▶ Data for processing:
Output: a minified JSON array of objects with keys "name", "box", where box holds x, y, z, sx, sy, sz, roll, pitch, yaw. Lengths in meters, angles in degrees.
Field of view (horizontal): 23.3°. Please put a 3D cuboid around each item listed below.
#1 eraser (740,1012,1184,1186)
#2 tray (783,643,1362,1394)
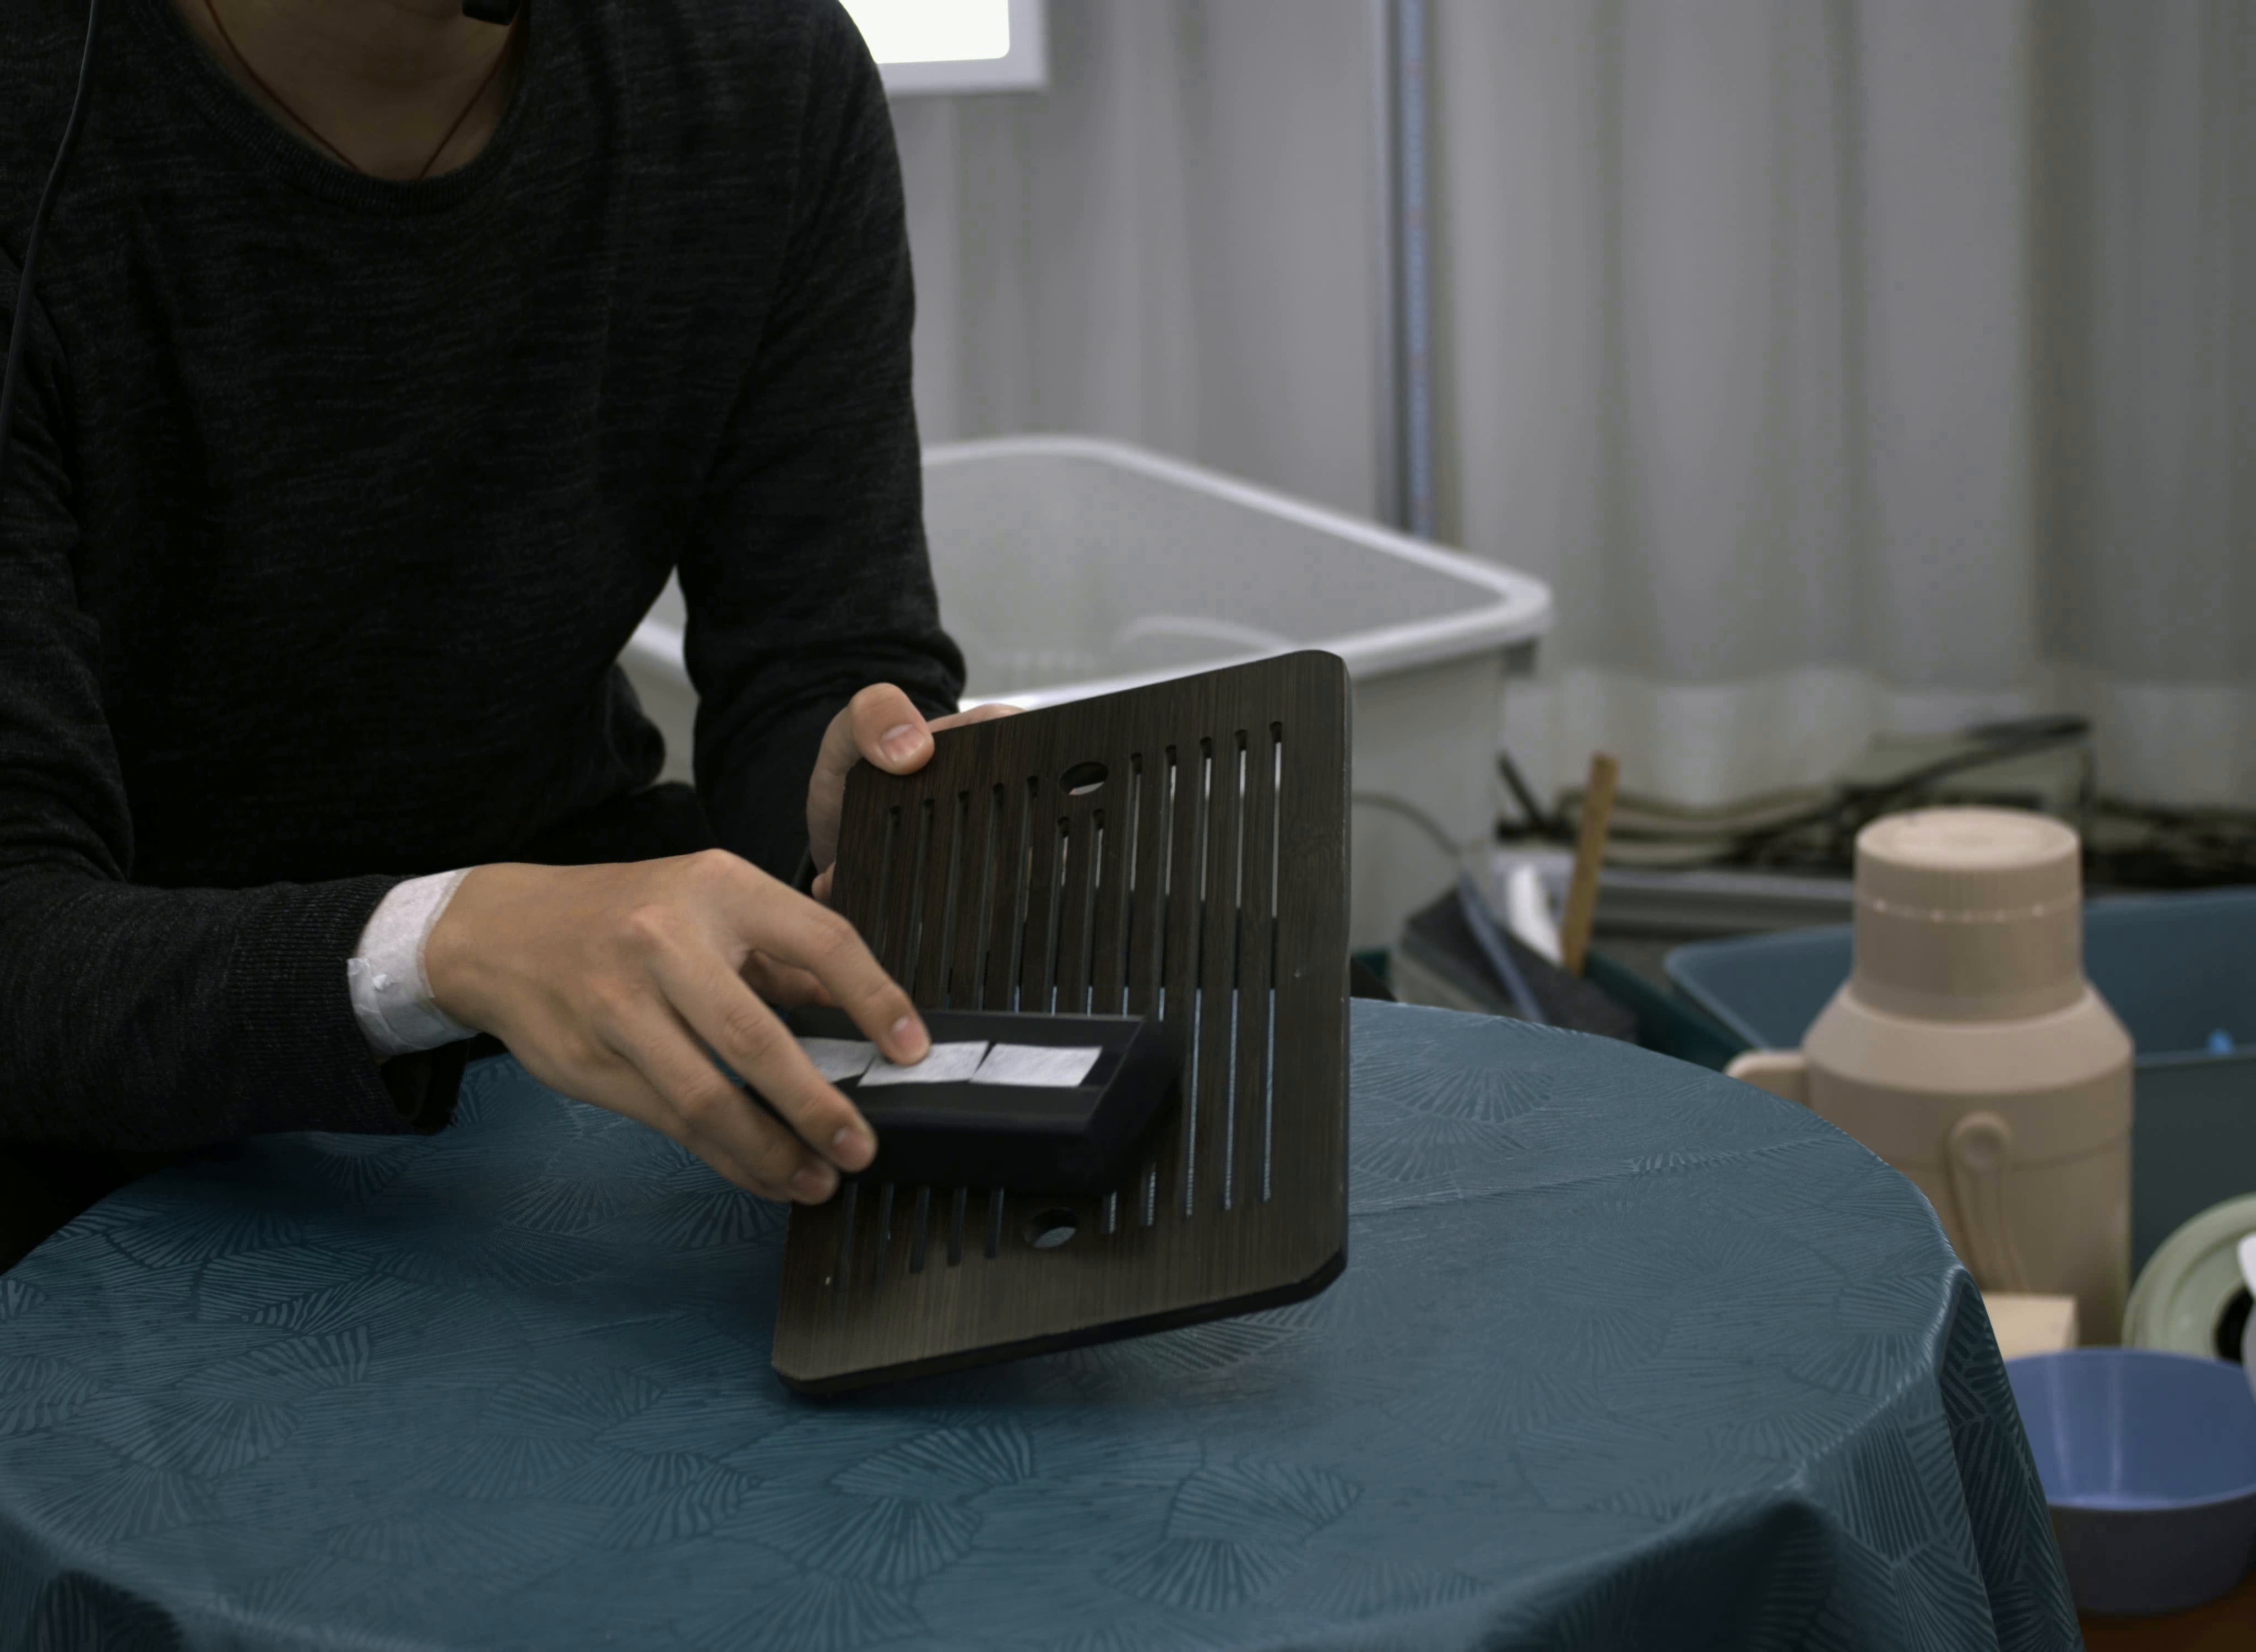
[{"name":"eraser","box":[-0.048,0.079,1.599,0.125,0.030,0.054,-2,36,29]},{"name":"tray","box":[-0.010,0.054,1.650,0.170,0.018,0.310,-13,35,12]}]

▶ Exercise:
Could the entries be output exactly as written, but without their images?

▶ Your response:
Output: a minified JSON array of objects with keys "name", "box", where box holds x, y, z, sx, sy, sz, roll, pitch, yaw. Lengths in meters, angles in degrees.
Field of view (horizontal): 23.3°. Please put a 3D cuboid around each item listed below.
#1 eraser (740,1012,1184,1186)
#2 tray (783,643,1362,1394)
[{"name":"eraser","box":[-0.048,0.079,1.599,0.125,0.030,0.054,-2,36,29]},{"name":"tray","box":[-0.010,0.054,1.650,0.170,0.018,0.310,-13,35,12]}]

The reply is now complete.